Boston Scientific is taking a leaf from the IT sector in using corporate venture deals for acqui-hire and product optionality.

Boston Scientific Mirus

New York-listed medical device company Boston Scientific under senior vice president Charlie Attlan has been a strategic corporate venturer and has acquired at least a handful companies from its venture portfolio, including Devoro Medical, Preventice Solutions, Farapulse, Cryterion Medical and NxThera. Another novel corporate development deal is now on the cards taking a leaf from companies in the computer technology sector.

Boston Scientific has invested $1.5bn for a 34% equity stake in MiRus. As part of the investment agreement, Boston Scientific also received an exclusive option to acquire the MiRus Transcatheter Aortic Valve Replacement (TAVR) business by making additional aggregate cash payments of up to $3bn. 
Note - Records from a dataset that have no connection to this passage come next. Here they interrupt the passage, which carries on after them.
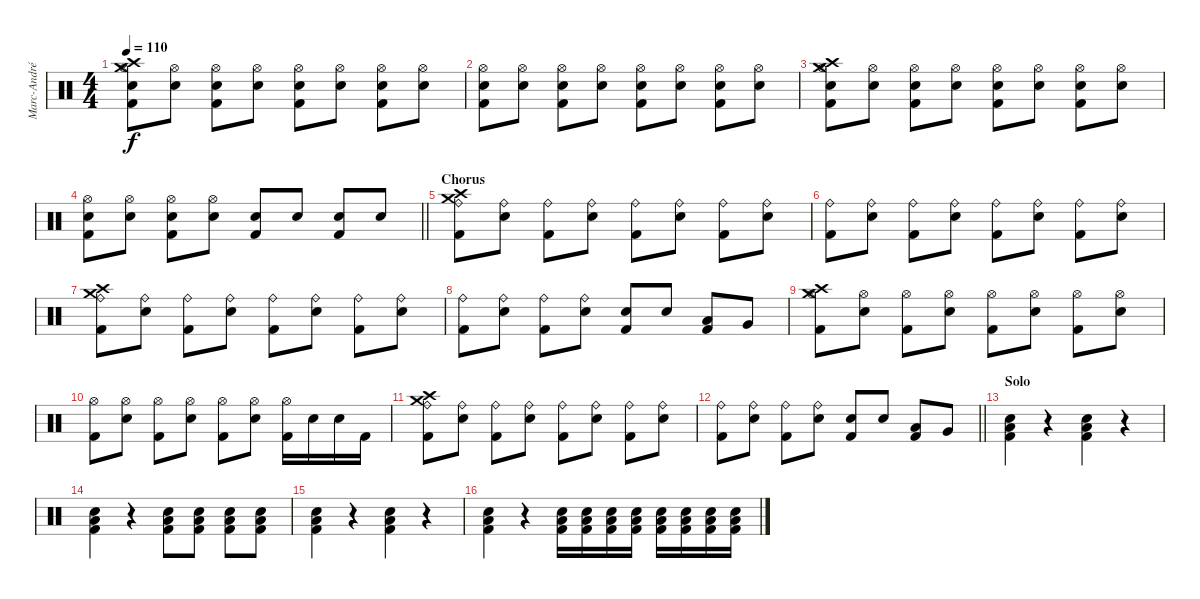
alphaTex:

\track ("Marc-André Barabé" "Marc-André") {instrument percussion}
\staff {score}
\articulation defaults
\ts (4 4)
\tempo 110
\clef neutral
\ks c
("Crash high (hit)" "Crash medium (hit)" "Hi-Hat (open)" "Electric Snare (hit)" "Kick (hit) 2"{tr (2 32)}).8{dy f} ("Hi-Hat (open)" "Electric Snare (hit)").8 ("Hi-Hat (open)" "Electric Snare (hit)" "Kick (hit) 2"{tr (2 32)}).8 ("Hi-Hat (open)" "Electric Snare (hit)").8 ("Hi-Hat (open)" "Electric Snare (hit)" "Kick (hit) 2"{tr (2 32)}).8 ("Hi-Hat (open)" "Electric Snare (hit)").8 ("Hi-Hat (open)" "Electric Snare (hit)" "Kick (hit) 2"{tr (2 32)}).8 ("Hi-Hat (open)" "Electric Snare (hit)").8 |
("Hi-Hat (open)" "Electric Snare (hit)" "Kick (hit) 2"{tr (2 32)}).8 ("Hi-Hat (open)" "Electric Snare (hit)").8 ("Hi-Hat (open)" "Electric Snare (hit)" "Kick (hit) 2"{tr (2 32)}).8 ("Hi-Hat (open)" "Electric Snare (hit)").8 ("Hi-Hat (open)" "Electric Snare (hit)" "Kick (hit) 2"{tr (2 32)}).8 ("Hi-Hat (open)" "Electric Snare (hit)").8 ("Hi-Hat (open)" "Electric Snare (hit)" "Kick (hit) 2"{tr (2 32)}).8 ("Hi-Hat (open)" "Electric Snare (hit)").8 |
("Crash high (hit)" "Crash medium (hit)" "Hi-Hat (open)" "Electric Snare (hit)" "Kick (hit) 2"{tr (2 32)}).8 ("Hi-Hat (open)" "Electric Snare (hit)").8 ("Hi-Hat (open)" "Electric Snare (hit)" "Kick (hit) 2"{tr (2 32)}).8 ("Hi-Hat (open)" "Electric Snare (hit)").8 ("Hi-Hat (open)" "Electric Snare (hit)" "Kick (hit) 2"{tr (2 32)}).8 ("Hi-Hat (open)" "Electric Snare (hit)").8 ("Hi-Hat (open)" "Electric Snare (hit)" "Kick (hit) 2"{tr (2 32)}).8 ("Hi-Hat (open)" "Electric Snare (hit)").8 |
\barLineRight lightlight
("Hi-Hat (open)" "Electric Snare (hit)" "Kick (hit) 2"{tr (2 32)}).8 ("Hi-Hat (open)" "Electric Snare (hit)").8 ("Hi-Hat (open)" "Electric Snare (hit)" "Kick (hit) 2"{tr (2 32)}).8 ("Hi-Hat (open)" "Electric Snare (hit)").8 ("Electric Snare (hit)"{tr (40 32)} "Kick (hit) 2"{tr (2 32)}).8 "Electric Snare (hit)"{tr (40 32)}.8 ("Electric Snare (hit)"{tr (40 32)} "Kick (hit) 2"{tr (2 32)}).8 "Electric Snare (hit)"{tr (40 32)}.8 |
\section ("" "Chorus")
("Crash high (hit)" "Crash medium (hit)" "Ride (bell)" "Kick (hit) 2"{tr (2 32)}).8 ("Ride (bell)" "Electric Snare (hit)").8 ("Ride (bell)" "Kick (hit) 2"{tr (2 32)}).8 ("Ride (bell)" "Electric Snare (hit)").8 ("Ride (bell)" "Kick (hit) 2"{tr (2 32)}).8 ("Ride (bell)" "Electric Snare (hit)").8 ("Ride (bell)" "Kick (hit) 2"{tr (2 32)}).8 ("Ride (bell)" "Electric Snare (hit)").8 |
("Ride (bell)" "Kick (hit) 2"{tr (2 32)}).8 ("Ride (bell)" "Electric Snare (hit)").8 ("Ride (bell)" "Kick (hit) 2"{tr (2 32)}).8 ("Ride (bell)" "Electric Snare (hit)").8 ("Ride (bell)" "Kick (hit) 2"{tr (2 32)}).8 ("Ride (bell)" "Electric Snare (hit)").8 ("Ride (bell)" "Kick (hit) 2"{tr (2 32)}).8 ("Ride (bell)" "Electric Snare (hit)").8 |
("Crash high (hit)" "Crash medium (hit)" "Ride (bell)" "Kick (hit) 2"{tr (2 32)}).8 ("Ride (bell)" "Electric Snare (hit)").8 ("Ride (bell)" "Kick (hit) 2"{tr (2 32)}).8 ("Ride (bell)" "Electric Snare (hit)").8 ("Ride (bell)" "Kick (hit) 2"{tr (2 32)}).8 ("Ride (bell)" "Electric Snare (hit)").8 ("Ride (bell)" "Kick (hit) 2"{tr (2 32)}).8 ("Ride (bell)" "Electric Snare (hit)").8 |
("Ride (bell)" "Kick (hit) 2"{tr (2 32)}).8 ("Ride (bell)" "Electric Snare (hit)").8 ("Ride (bell)" "Kick (hit) 2"{tr (2 32)}).8 ("Ride (bell)" "Electric Snare (hit)").8 ("Electric Snare (hit)"{tr (40 32)} "Kick (hit) 2"{tr (2 32)}).8 "Electric Snare (hit)"{tr (40 32)}.8 ("Low Tom (hit)"{tr (45 32)} "Kick (hit) 2"{tr (2 32)}).8 "Very Low Tom (hit)"{tr (43 32)}.8 |
("Crash high (hit)" "Crash medium (hit)" "Hi-Hat (open)" "Kick (hit) 2"{tr (2 32)}).8 ("Hi-Hat (open)" "Electric Snare (hit)").8 ("Hi-Hat (open)" "Kick (hit) 2"{tr (2 32)}).8 ("Hi-Hat (open)" "Electric Snare (hit)").8 ("Hi-Hat (open)" "Kick (hit) 2"{tr (2 32)}).8 ("Hi-Hat (open)" "Electric Snare (hit)").8 ("Hi-Hat (open)" "Kick (hit) 2"{tr (2 32)}).8 ("Hi-Hat (open)" "Electric Snare (hit)").8 |
("Hi-Hat (open)" "Kick (hit) 2"{tr (2 32)}).8 ("Hi-Hat (open)" "Electric Snare (hit)").8 ("Hi-Hat (open)" "Kick (hit) 2"{tr (2 32)}).8 ("Hi-Hat (open)" "Electric Snare (hit)").8 ("Hi-Hat (open)" "Kick (hit) 2"{tr (2 32)}).8 ("Hi-Hat (open)" "Electric Snare (hit)").8 ("Hi-Hat (open)" "Kick (hit) 2"{tr (2 32)}).16 "Electric Snare (hit)".16 "Electric Snare (hit)".16 "Kick (hit) 2".16 |
("Crash high (hit)" "Crash medium (hit)" "Ride (bell)" "Kick (hit) 2"{tr (2 32)}).8 ("Ride (bell)" "Electric Snare (hit)").8 ("Ride (bell)" "Kick (hit) 2"{tr (2 32)}).8 ("Ride (bell)" "Electric Snare (hit)").8 ("Ride (bell)" "Kick (hit) 2"{tr (2 32)}).8 ("Ride (bell)" "Electric Snare (hit)").8 ("Ride (bell)" "Kick (hit) 2"{tr (2 32)}).8 ("Ride (bell)" "Electric Snare (hit)").8 |
\barLineRight lightlight
("Ride (bell)" "Kick (hit) 2"{tr (2 32)}).8 ("Ride (bell)" "Electric Snare (hit)").8 ("Ride (bell)" "Kick (hit) 2"{tr (2 32)}).8 ("Ride (bell)" "Electric Snare (hit)").8 ("Electric Snare (hit)"{tr (40 32)} "Kick (hit) 2"{tr (2 32)}).8 "Electric Snare (hit)"{tr (40 32)}.8 ("Low Tom (hit)"{tr (45 32)} "Kick (hit) 2"{tr (2 32)}).8 "Very Low Tom (hit)"{tr (43 32)}.8 |
\section ("" "Solo")
("Electric Snare (hit)" "Low Floor Tom (hit)" "Kick (hit) 2").4 r.4 ("Electric Snare (hit)" "Low Floor Tom (hit)" "Kick (hit) 2").4 r.4 |
("Electric Snare (hit)" "Low Floor Tom (hit)" "Kick (hit) 2").4 r.4 ("Electric Snare (hit)" "Low Floor Tom (hit)" "Kick (hit) 2").8 ("Electric Snare (hit)" "Low Floor Tom (hit)" "Kick (hit) 2").8 ("Electric Snare (hit)" "Low Floor Tom (hit)" "Kick (hit) 2").8 ("Electric Snare (hit)" "Low Floor Tom (hit)" "Kick (hit) 2").8 |
("Electric Snare (hit)" "Low Floor Tom (hit)" "Kick (hit) 2").4 r.4 ("Electric Snare (hit)" "Low Floor Tom (hit)" "Kick (hit) 2").4 r.4 |
("Electric Snare (hit)" "Low Floor Tom (hit)" "Kick (hit) 2").4 r.4 ("Electric Snare (hit)" "Low Floor Tom (hit)" "Kick (hit) 2").16 ("Electric Snare (hit)" "Low Floor Tom (hit)" "Kick (hit) 2").16 ("Electric Snare (hit)" "Low Floor Tom (hit)" "Kick (hit) 2").16 ("Electric Snare (hit)" "Low Floor Tom (hit)" "Kick (hit) 2").16 ("Electric Snare (hit)" "Low Floor Tom (hit)" "Kick (hit) 2").16 ("Electric Snare (hit)" "Low Floor Tom (hit)" "Kick (hit) 2").16 ("Electric Snare (hit)" "Low Floor Tom (hit)" "Kick (hit) 2").16 ("Electric Snare (hit)" "Low Floor Tom (hit)" "Kick (hit) 2").16

If Boston Scientific exercises the option, MiRus will have the right to receive additional payments based on net sales of the Siegel TAVR valve over a specified period and Boston Scientific will also have an exclusive option to acquire mitral and tricuspid replacement valve assets from MiRus for an additional payment. 

The Siegel technology is built on a proprietary rhenium alloy and is the first nickel-free, balloon-expandable TAVR valve intended to restore function and normal blood flow of severely narrowed aortic valves. It was the first new alloy approved for use in medical device implants in the previous 40 years.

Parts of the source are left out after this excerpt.